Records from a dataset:
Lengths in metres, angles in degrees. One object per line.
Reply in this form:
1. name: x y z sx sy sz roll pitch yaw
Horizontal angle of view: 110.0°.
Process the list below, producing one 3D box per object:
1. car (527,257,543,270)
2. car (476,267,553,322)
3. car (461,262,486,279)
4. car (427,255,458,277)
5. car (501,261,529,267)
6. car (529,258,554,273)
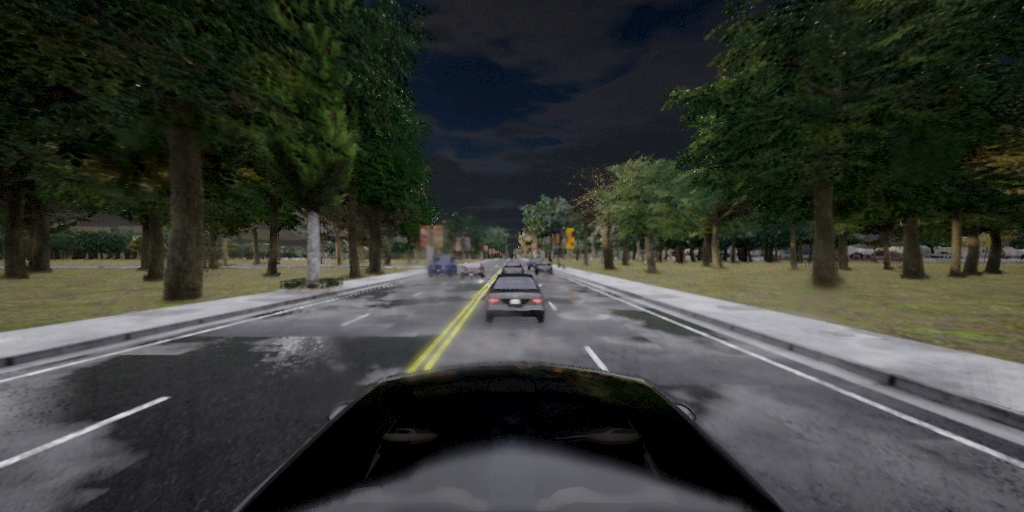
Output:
1. car: 3.316 1.073 52.293 2.097 1.767 4.553 0 0 0
2. car: 0.101 1.289 12.267 2.033 1.411 5.357 0 0 0
3. car: -3.344 1.254 31.861 1.812 1.442 4.674 0 0 0
4. car: -6.596 0.950 34.788 2.150 2.045 5.566 0 0 0
5. car: 0.102 1.220 31.561 2.128 1.511 4.902 0 0 0
6. car: 3.354 1.217 38.649 2.128 1.511 4.902 0 0 0

▶ _Work order_
All that is wanted is an exact copy of the lines above from the one with "3. car (461,262,486,279)" through the one with "6. car (529,258,554,273)", with both ends included.

▶ _Solution to the exercise_
3. car (461,262,486,279)
4. car (427,255,458,277)
5. car (501,261,529,267)
6. car (529,258,554,273)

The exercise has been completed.